Empire State definitely plays around with a few archetypes - so which is your favourite fantasy archetype, and why?
That's a difficult question! Empire State required a set of archetypes for the story to be structured how it was - the hardboiled detective, the dame, the Prohibition setting - but most came from classic detective fiction than SF. I think Empire State is more a meld of that and comic archetypes rather than fantasy.
Apart from Empire State on the 27th, are there any releases you're particularly looking forward to right now?
There are a couple of books out next year that I'm really looking forward to.

One of my favourites from 2011 was My Life as a White Trash Zombie by Diana Rowland. It's a genius piece of urban fantasy that really revitalises the zombie genre in a unique way, and despite the title it's not a comedy or spoof.
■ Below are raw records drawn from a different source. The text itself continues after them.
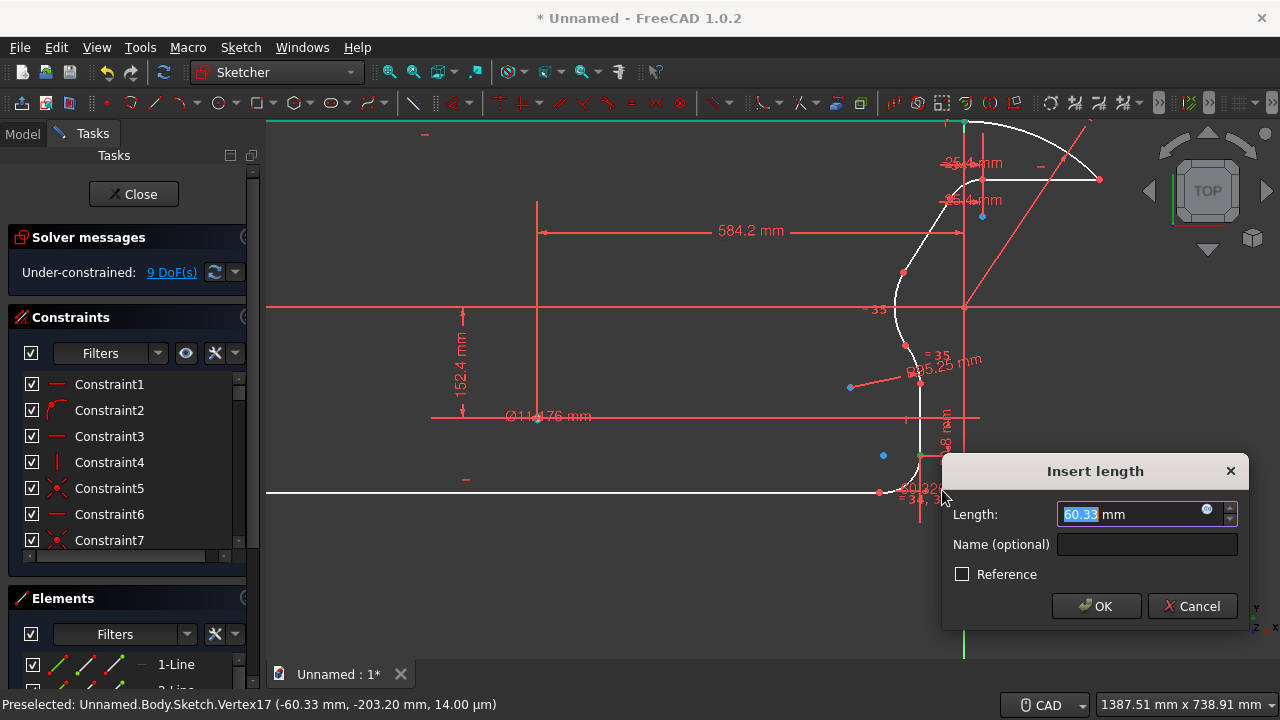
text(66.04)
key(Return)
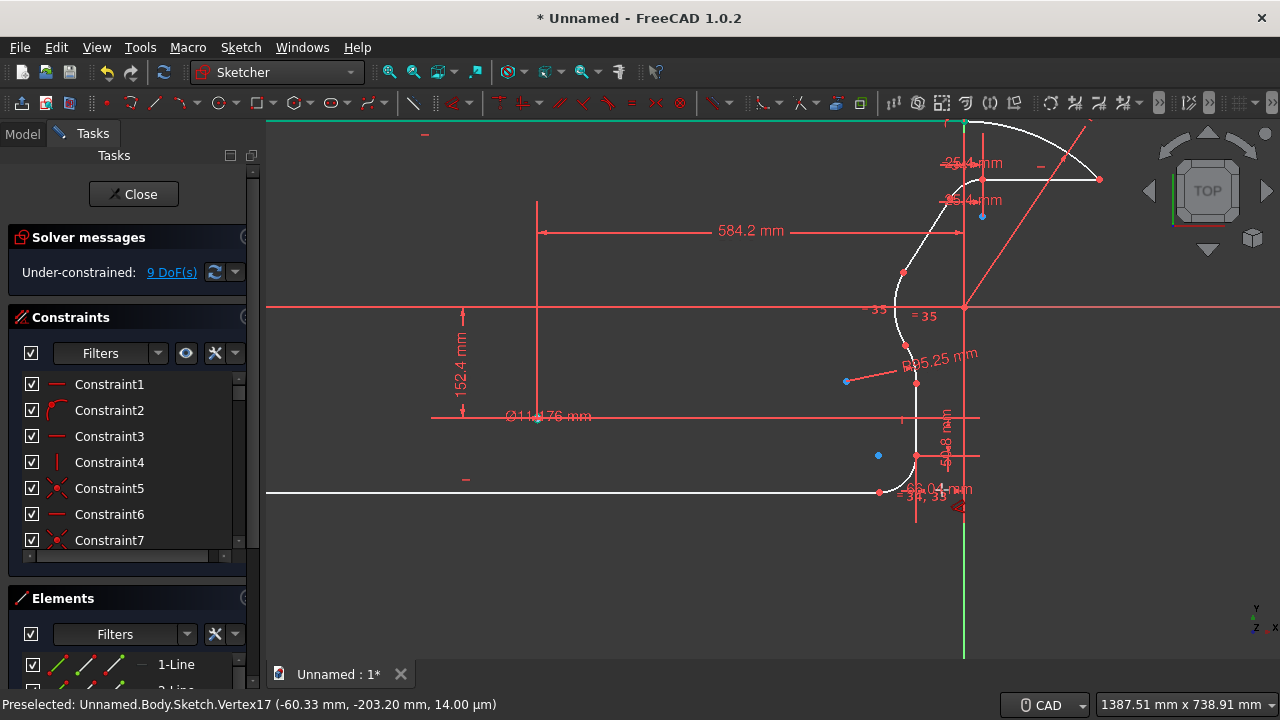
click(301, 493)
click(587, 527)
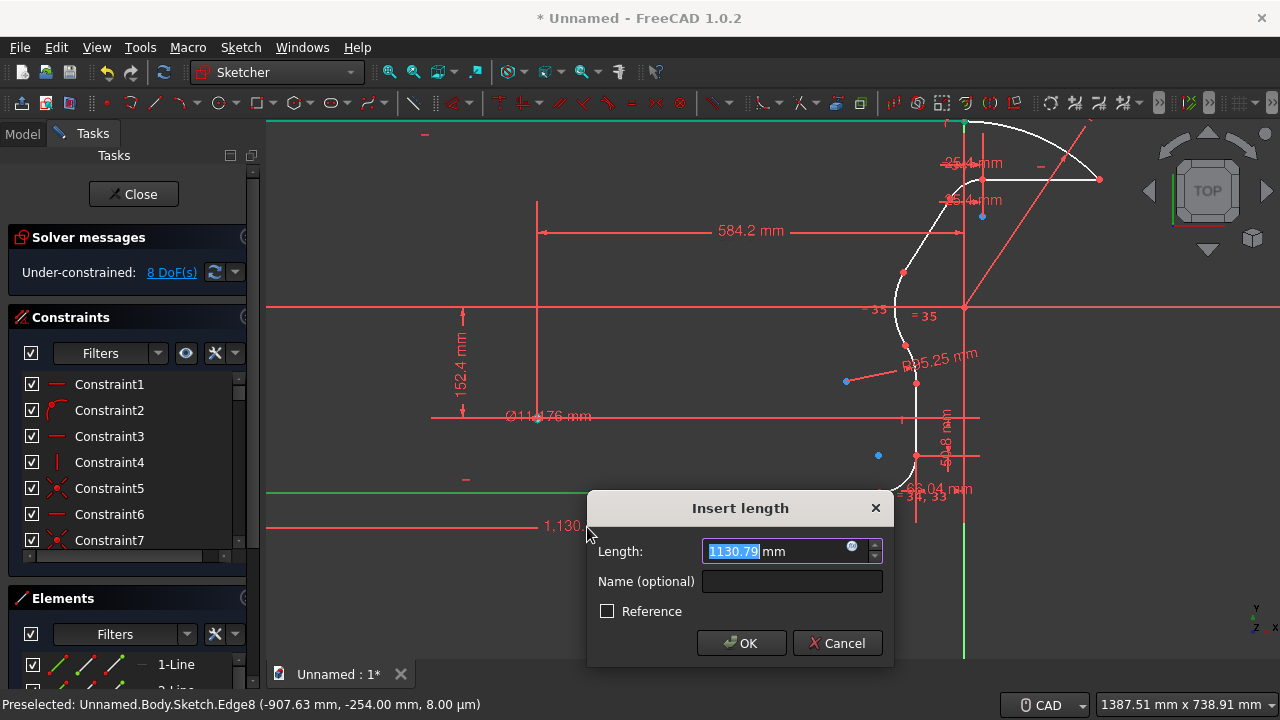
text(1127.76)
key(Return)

The next in the series, Even White Trash Zombies Get the Blues, is out in July.

Scott Sigler's Nocturnal is due in April. I'm a fan of Scott's from his podcasting, and Nocturnal was the first of his novels I listened to. I still think it's his best too - it's a huge epic that plays out across (and underneath) San Francisco - when I went there in 2009, I had a fun day scouting locations from the book. Crown are doing a brilliant job with Scott's work, so I expect the hardcover release of Nocturnal to be even better.

Plus there's another book called Seven Wonders coming out in August... something about superheroes by that guy who wrote Empire State...
Funny, that one's on my wishlist too. Is there anything you feel you've done better, or differently, in your second novel?
I'm going to have to think about how I answer that - you're right in that Seven Wonders is my second novel. But as it happens, Empire State was actually the third, and they're being released in reverse order! The first one I wrote was an occult steampunk thing called Dark Heart, which is pretty cool but which needs a lot of work before it'll be ready for publication.

Seven Wonders and Empire State are completely different, so a comparison is hard. Seven Wonders is perhaps a little more "widescreen" as there are more characters, and being an all-out superhero novel, with plenty of spandex and laser beams, it's a little more action-oriented. It's also set in the present day, so the whole tone and style is different.

But I like the idea that the two books might be connected - perhaps the world of present-day San Ventura, California, is the same world in which the Science Pirate and the Skyguard protected New York in the 1930s, until they vanished after their famous final battle. And then in the period from 1930 to the early 21st century, the world gradually filled with hundreds of superheroes and supervillains, who waged war against each other until there was just one superteam left, The Seven Wonders, and their arch-nemesis, The Cowl.
Wow - I didn't anticipate Seven Wonders wouldn't be your latest work! Occult steampunk sounds interesting - was it alternate history-ish steampunk or secondary world steampunk?
Alternate history, but set in the present. In 1861, Queen Victoria dies from typhoid fever, and a distraught Prince Albert instigates a coup and takes direct control of the British Empire. His scientists - and magicians - steer the path of progress into a dark place in his quest to bring Victoria back from the dead, and 150 years later he's still in charge, his lifespan extended by steam power and black arts. That's the world, anyway. Dark Heart follows the adventures of an occult detective and his team as they try to prevent the awakening of a voodoo god of death in the jungles of West Africa, while a steam-powered serial killer stalks London.

But... it needs some work. Maybe it'll see the light of day sometime!
Thank you for the interview, Adam - and good luck with the Empire State release!
Adam Christopher's debut novel, Empire State, is now out from Angry Robot in the UK (and naturally, it's really very good - try it). His second novel, Seven Wonders, is due out next summer.